(EXERCISE REQUIREMENTS) Reproduce, exactly as they appear, the line containing "title: Anatomische studie" and every line after it, ending with the last line of the records.

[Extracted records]

=======

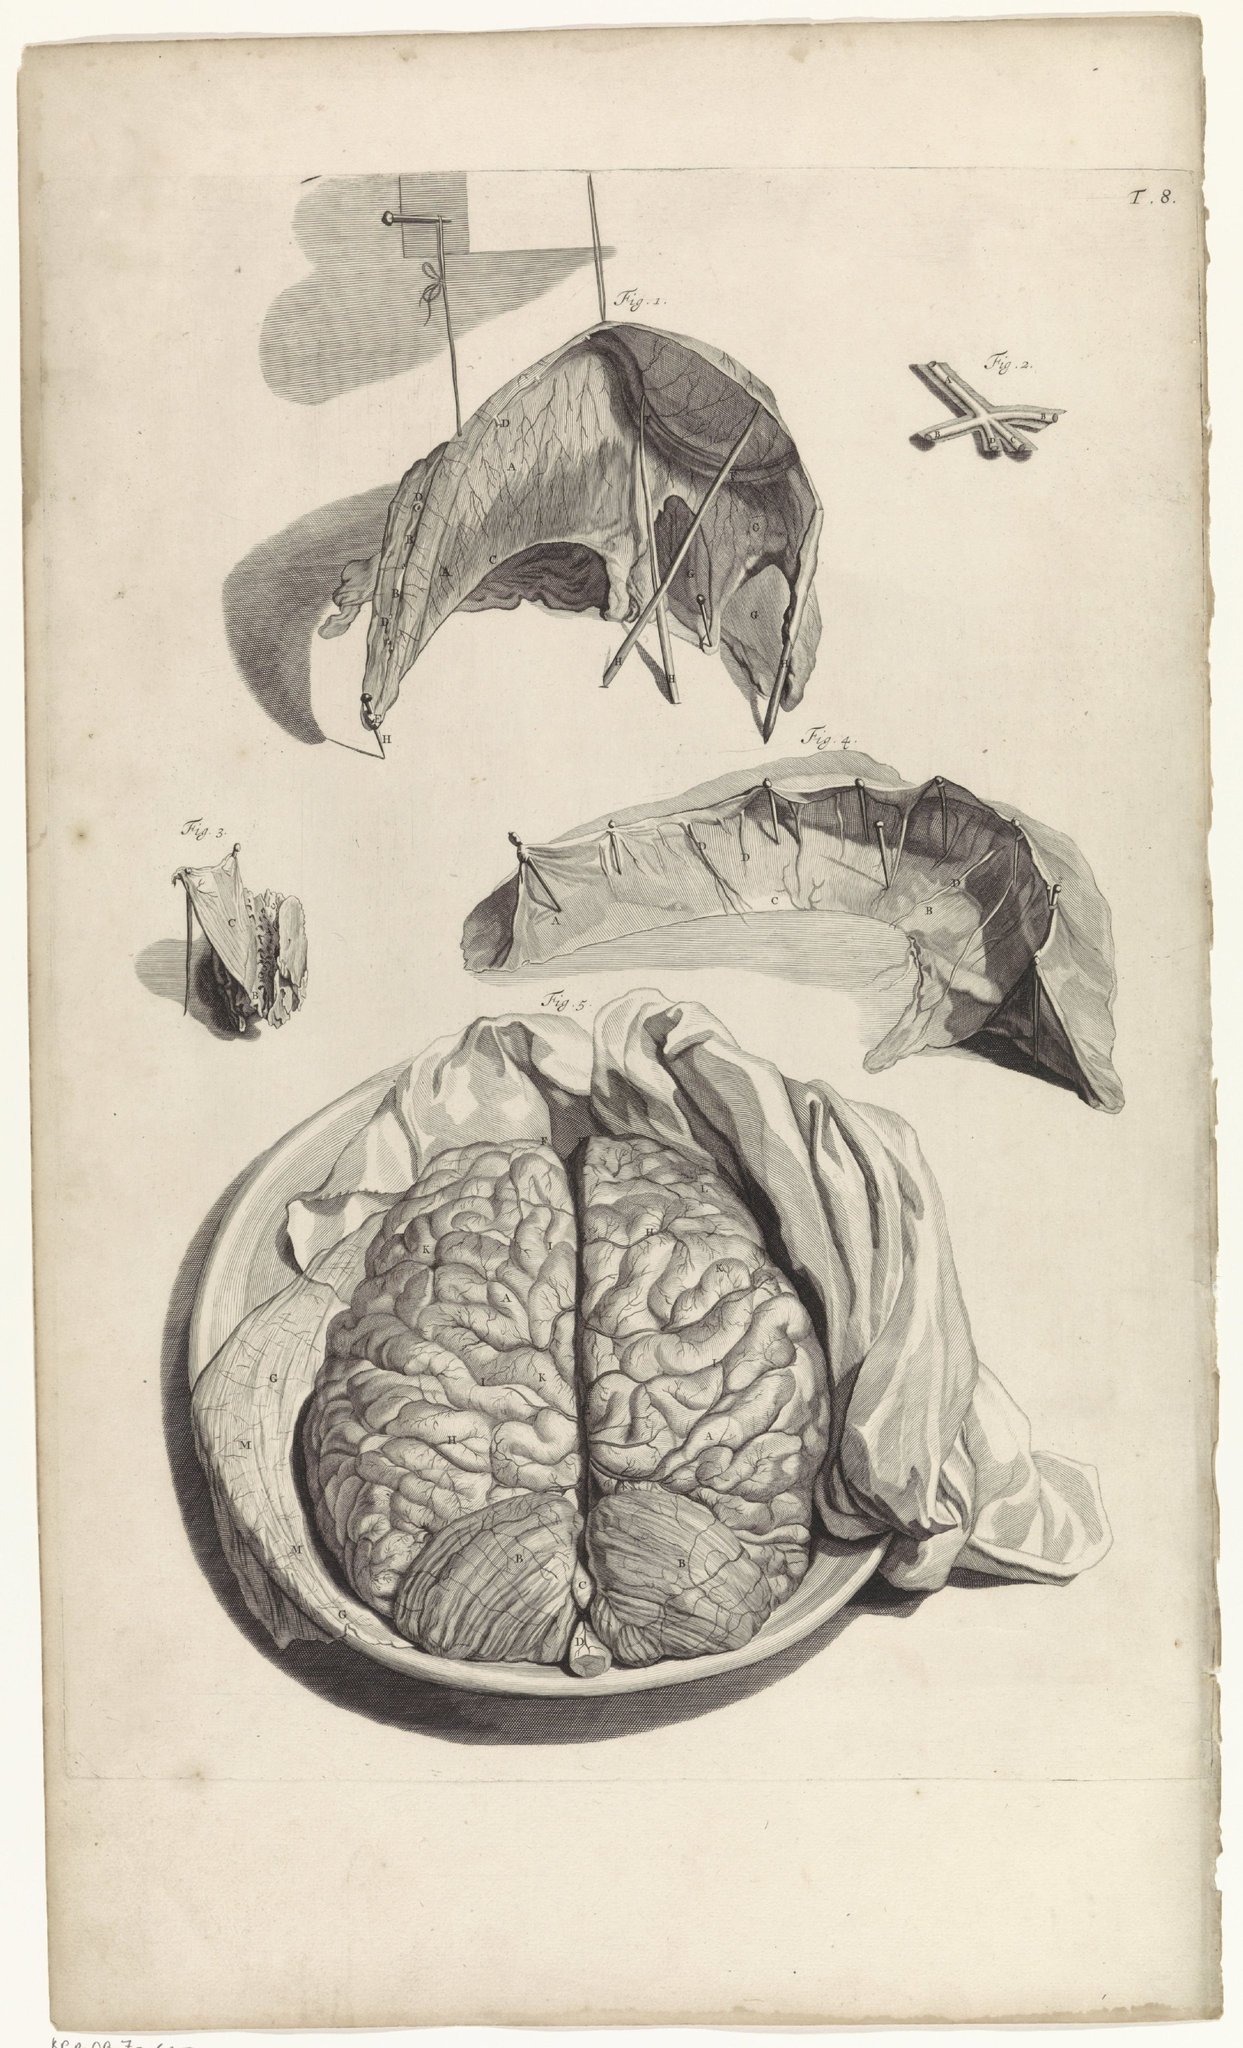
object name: book illustration
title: Anatomische studie van een deel van de schedel en de hersenen
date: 1685
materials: paper
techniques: engraving
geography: amsterdam
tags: brains, (human) skull
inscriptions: collector's mark: Lugt 2228
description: Boekillustratie voor Bidloo, Godefridus. Anatomia humani corporis centum & quinque tabulis, per art. G. de Lairesse ad vivum delineatis, de monstrata, veterum recentiorumque inventis explicata plurimisque, hactenus non detectis, illustrata. Amsterdam: Weduwe Joannes van Someren, Hendrick Boom en erven Dirk Boom, 1685.

=======

(EXERCISE RESULT)
title: Anatomische studie van een deel van de schedel en de hersenen
date: 1685
materials: paper
techniques: engraving
geography: amsterdam
tags: brains, (human) skull
inscriptions: collector's mark: Lugt 2228
description: Boekillustratie voor Bidloo, Godefridus. Anatomia humani corporis centum & quinque tabulis, per art. G. de Lairesse ad vivum delineatis, de monstrata, veterum recentiorumque inventis explicata plurimisque, hactenus non detectis, illustrata. Amsterdam: Weduwe Joannes van Someren, Hendrick Boom en erven Dirk Boom, 1685.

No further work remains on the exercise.